Même constat, « je jouissais d’une liberté totale, et pourtant c’était un quotidien national et de grande audience. Je n’ai jamais été censuré » se remémore-t-il. En effet, c’est dans ce journal qu’Islem se fait connaître. Arrivé en classe de terminale, Islem toujours séduit par la caricature, fait l’impasse sur le bac, il préfère se consacrer à sa passion. Conséquence : on lui refusera l’entrée aux beaux arts malgré ses énormes potentialités.
Qu’à cela ne tienne, Islem, devenu désormais un artiste reconnu par ses pairs, a d’autres atouts en poches, mais c’était sans compter sur le verrouillage qui allait être opéré sur la presse écrite.
Le Jeune indépendant, El Moustekbel, autant de journaux où Islem essayera d’exercer son métier, mais où il butera pour la première fois de sa carrières à la censure. « Dans un des journaux, on me demandait presque d’enlever la barbe à mes personnages barbus, de rallonger les jupes des jeunes filles que je crayonnais , comme si je pouvais raser la barbe, ou rajouter du tissus à mes dessins. » raconte Islem en ricanant, avant de rajouter » c’était un politiquement correcte qui pouvait parfois tout fausser« .
Il était définitivement impossible de continuer de cette manière. Dépité, Islem passera trois au chômage. Mais l’envie de dessiner est trop forte, et sa passion le rattrape. Cette fois ci, c’est un nouveau journal qu’il l’accueillera, Le temps, où Islem passera une grande partie de l’année 2008. C’est de loin la meilleure aventure qu’il a vécue depuis L’Epoque.
« Cela faisait longtemps que ça ne m’était pas arrivé de faire ce que j’aimais« . Une période ou Islem se donnera à cœur joie dans l’analyser de la société algérienne en long et en large à sa manière. » Avec une telle ambiance, je me suis de suite senti dans mon élément, et ça se ressentait sur mes dessins, c’est là que j’ai fait une partie de mes meilleures dessins » se souvient il.
Malheureusement, encore une fois Islem sera déçu: la situation de la presse écrite algérienne définitivement régie par les intérêts financiers et individualistes, prime sur l’intelligence artistique des journalistes algériens.
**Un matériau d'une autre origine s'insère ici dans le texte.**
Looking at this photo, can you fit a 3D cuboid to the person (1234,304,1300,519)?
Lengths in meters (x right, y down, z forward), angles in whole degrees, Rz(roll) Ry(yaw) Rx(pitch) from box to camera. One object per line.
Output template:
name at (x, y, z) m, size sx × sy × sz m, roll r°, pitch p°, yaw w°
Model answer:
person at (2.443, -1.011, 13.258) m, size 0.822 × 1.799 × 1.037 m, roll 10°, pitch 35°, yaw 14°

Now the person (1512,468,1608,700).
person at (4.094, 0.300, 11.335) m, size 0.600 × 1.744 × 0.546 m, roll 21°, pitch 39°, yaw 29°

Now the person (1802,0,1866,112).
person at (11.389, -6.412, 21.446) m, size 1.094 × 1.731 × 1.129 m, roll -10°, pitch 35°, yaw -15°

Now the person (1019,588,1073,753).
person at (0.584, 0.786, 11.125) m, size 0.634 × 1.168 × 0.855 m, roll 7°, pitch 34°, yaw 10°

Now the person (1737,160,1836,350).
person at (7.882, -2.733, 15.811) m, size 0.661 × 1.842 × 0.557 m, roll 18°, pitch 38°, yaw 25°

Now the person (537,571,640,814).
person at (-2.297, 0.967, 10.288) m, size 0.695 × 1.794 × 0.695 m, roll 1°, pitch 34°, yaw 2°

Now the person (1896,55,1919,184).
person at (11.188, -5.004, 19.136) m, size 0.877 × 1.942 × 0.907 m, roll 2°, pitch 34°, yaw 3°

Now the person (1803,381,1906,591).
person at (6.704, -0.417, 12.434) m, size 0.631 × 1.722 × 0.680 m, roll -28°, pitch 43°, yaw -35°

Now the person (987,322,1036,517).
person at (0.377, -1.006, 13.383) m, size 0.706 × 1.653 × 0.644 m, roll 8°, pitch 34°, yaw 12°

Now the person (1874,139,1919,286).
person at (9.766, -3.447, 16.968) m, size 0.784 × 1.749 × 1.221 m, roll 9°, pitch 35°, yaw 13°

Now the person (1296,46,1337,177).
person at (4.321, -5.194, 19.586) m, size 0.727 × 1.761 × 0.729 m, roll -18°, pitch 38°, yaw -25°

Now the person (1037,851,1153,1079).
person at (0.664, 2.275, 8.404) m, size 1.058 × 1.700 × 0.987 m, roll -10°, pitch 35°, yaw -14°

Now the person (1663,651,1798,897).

L’espace de liberté qu’Islem avait dans le journal se réduit, et par la suite ce qu’il craignait le plus devient réalité. « Parfois je devais refaire le dessin jusqu’à 2 à 3 fois par jours « . Dépité , Islem à décidé de quitter « Le temps », dans l’attente d’une nouvelle aventure. « Finalement, il est faut croire que la presse indépendante est verrouillée, elle s’auto censure à cause des intérêts commerciaux et autres. Elle rentre dans le rang en quelque sorte. C’est le sort qui a été réservé à « L’Epoque », qui avait souffert en son temps de l’absence de pub. La presse est devenue un gagne pain sans plus. C’est en tout cas ce que j’ai entendu dans un journal sur deux auxquels je me suis présenté » conclu-t-il. La presse publique elle n’engage pas de caricaturistes. Islem signe depuis fin 2008 les caricatures dans algerie-focus.com, un journal participatif algérien diffusé sur internet.